Month: mai 2016

La mise en examen d’une personne morale

Par un arrêt du 12 avril 2016, la Chambre criminelle de la Cour de cassation apporte des précisions s’agissant des modalités de mise en examen d’une personne morale.

Au préalable, il convient de rappeler que l’article 121-2 du code pénal précise que « Les personnes morales, à l’exclusion de l’Etat, sont responsables pénalement, selon les distinctions des articles 121-4 à 121-7, des infractions commises, pour leur compte, par leurs organes ou représentant. »

Ainsi, la responsabilité pénale d’une personne morale peut être engagée à la condition de déterminer l’organe ou le représentant qui a commis l’infraction pour son compte.

La question était posée de savoir s’il était nécessaire de caractériser l’organe ou le représentant ayant agi pour le compte de la personne morale au stade de la mise en examen.
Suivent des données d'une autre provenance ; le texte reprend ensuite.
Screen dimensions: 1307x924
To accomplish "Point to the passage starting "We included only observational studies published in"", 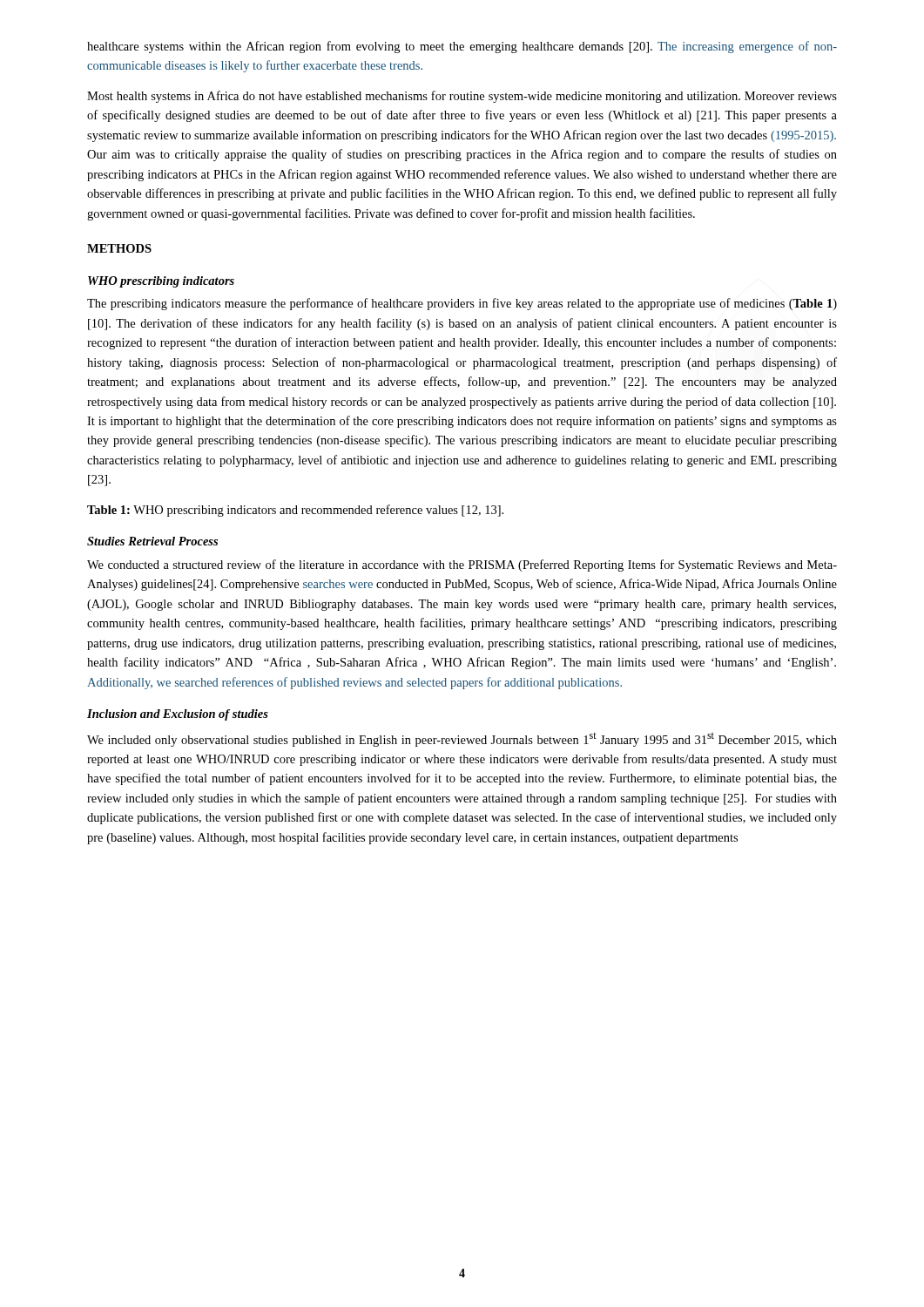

En effet, l’article 80-1 du code de procédure pénale exige, pour que des personnes puissent être mises en examen, non pas que l’infraction soit caractérisée, mais « des indices graves ou concordants rendant vraisemblable qu’elles aient pu participer, comme auteur ou comme complice, à la commission des infractions ».

Au visa des articles 6 de la Convention européenne des droits de l’homme, 121-2, 121-3 du code pénal, 80-1 et 116 du code de procédure pénale, la Cour de cassation répond par la négative.

Elle affirme que « si le juge d’instruction doit rechercher par quel organe ou représentant le délit reproché à la personne morale a été commis pour son compte, cette obligation ne s’impose pas préalablement au prononcé de la mise en examen de celle-ci, laquelle résulte de la seule existence d’indices graves ou concordants rendant vraisemblable sa participation à la commission de l’infraction, l’information ayant, notamment, pour objet l’identification de la personne physique ayant engagé la responsabilité pénale de la personne morale »

La caractérisation de l’organe ou du représentant ayant commis l’infraction – qui demeure nécessaire – pourra ainsi être opérée par le juge d’instruction postérieurement à la mise en examen de la personne morale.